Any database performance guide anywhere will tell you to use prepared statements. They're useful from both a security and performance perspective.

Security, becuase you feed the prepared query data and it knows what data types to expect, erroring when you pass something invalid. It also will handle strings properly, so you worry less about sql injection. You also get convenience, in that you don't have to escape your data.

Performance, becuase telling the database what you are about to do lets it optimize the query.

This performance is defeated, however, if you want to use caching. So, I've got a dillema! There are two mutually-exclusive (because MySQL sucks) performance-enhancing options available to me: using prepared statements or using caching.

Prepared statements give you two performance benefits (maybe more?). The first, is the server will parse the query string when you prepare it, and execute the "parsed" version whenever you invoke it. This saves parsing time; parsing text is expensive. The second, is that if your database is nice, it will try to optimize your queries before execution. Using prepared statements will permit the server to optimize query execution once, and then remember it. Good, right?

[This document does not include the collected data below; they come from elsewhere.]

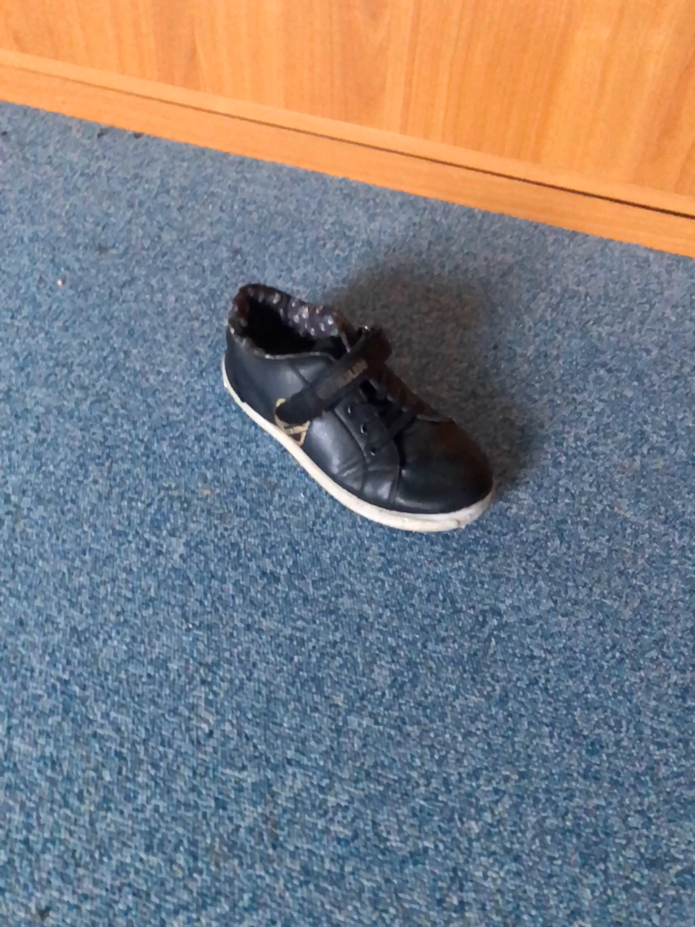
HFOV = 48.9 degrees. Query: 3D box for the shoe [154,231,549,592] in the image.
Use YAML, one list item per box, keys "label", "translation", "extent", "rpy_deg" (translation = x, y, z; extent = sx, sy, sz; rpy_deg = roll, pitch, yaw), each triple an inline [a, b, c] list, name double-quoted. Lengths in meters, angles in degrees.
- label: "shoe"
  translation: [-0.005, -0.044, 0.505]
  extent: [0.230, 0.090, 0.111]
  rpy_deg: [37, 57, 23]
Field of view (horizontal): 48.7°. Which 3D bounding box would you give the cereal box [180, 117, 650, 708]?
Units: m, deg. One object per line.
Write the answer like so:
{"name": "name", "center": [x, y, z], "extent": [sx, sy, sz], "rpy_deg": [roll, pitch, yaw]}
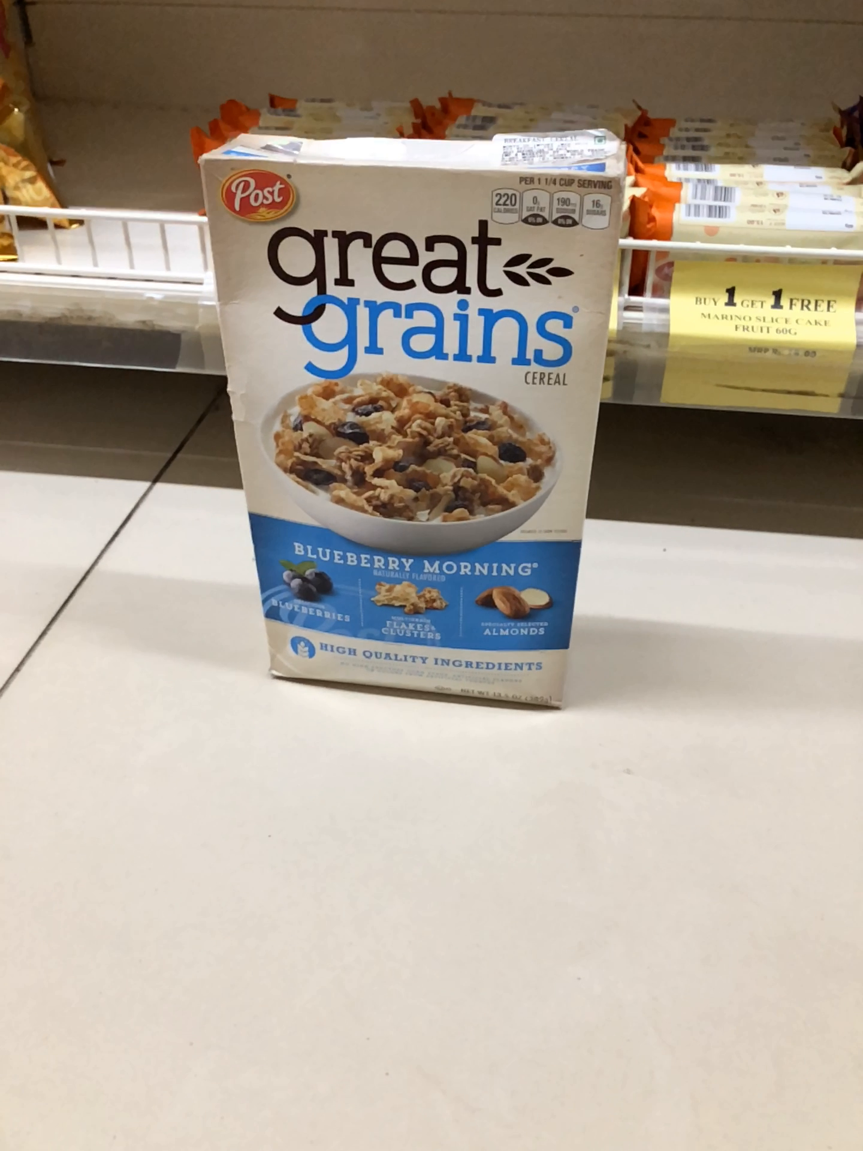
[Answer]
{"name": "cereal box", "center": [-0.004, -0.062, 0.442], "extent": [0.170, 0.258, 0.060], "rpy_deg": [5, 36, 6]}
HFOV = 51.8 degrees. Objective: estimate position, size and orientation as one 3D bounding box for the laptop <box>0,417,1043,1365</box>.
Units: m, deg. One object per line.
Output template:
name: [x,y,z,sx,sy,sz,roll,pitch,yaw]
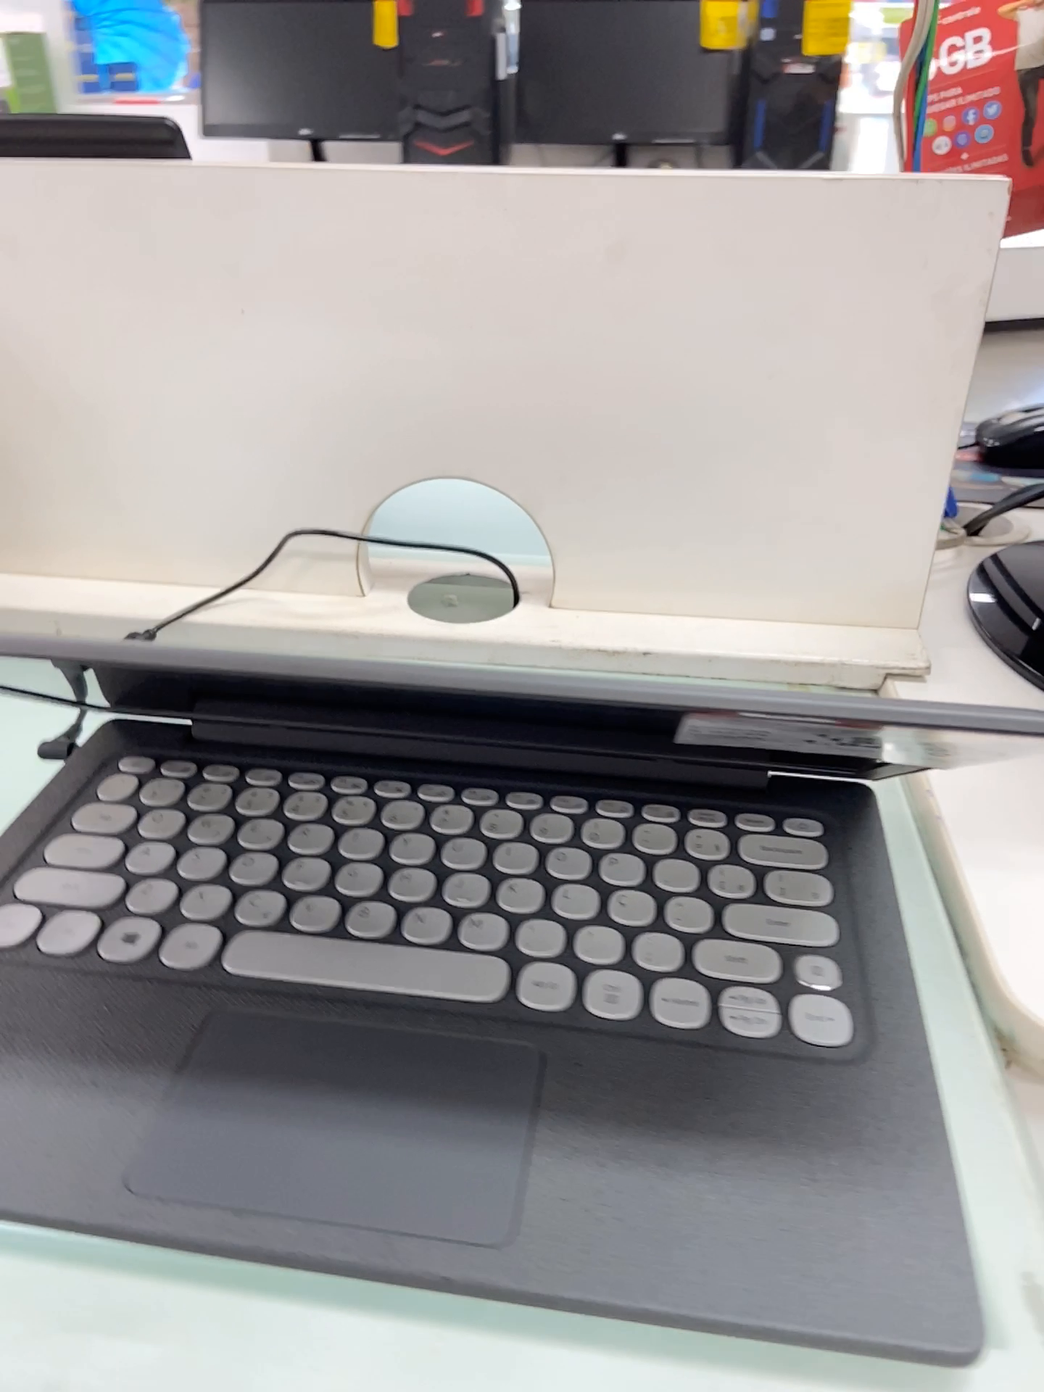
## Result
laptop: [-0.035,0.022,0.312,0.316,0.132,0.213,4,31,8]
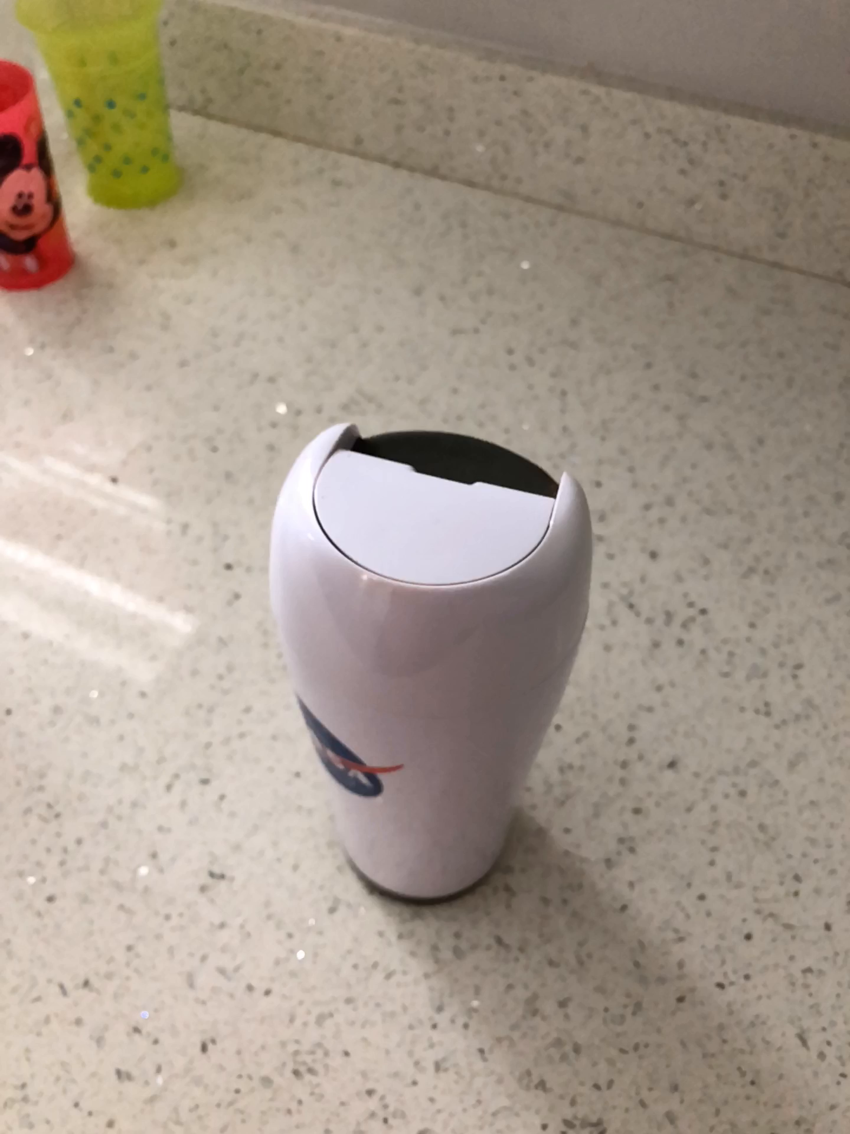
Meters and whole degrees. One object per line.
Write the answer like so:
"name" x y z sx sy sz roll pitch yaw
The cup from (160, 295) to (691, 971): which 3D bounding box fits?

Prepared statements improve CPU utilization, in that the cpu can work less becuase you're teaching the database about what's coming next. Cached query responses improve disk utilization, and depending on implementation should vastly outperform most (all?) of the gains from prepared statements. This assumption I am making is based on the assumption that disk is slow and cpu is fast.

Cached queries will (should?) cache results of complex queries. This means that a select query with multiple, complex joins should be cached mapping the query string to the result. No amount of statement preparation will improve complex queries becuase they still have to hit disk. Large joins require lots of disk access, and therefore are slow. Remembering "This complex query" returned "this happy result" is fast regardless of whether or not it's stored on disk or in memory. Caching also saves cpu utilization.

I can't believe preparing a query will prevent it from being pulled from the query cache, but this is clearly the case. Thanks, MySQL, for making a stupid design decision.

Maybe there's some useful JDBC (oh yeah, the app I'm testing is written in Java) function that'll give you all the convenience/security benefits of prepare, but without the server-side bits, and thus let you use the query cache.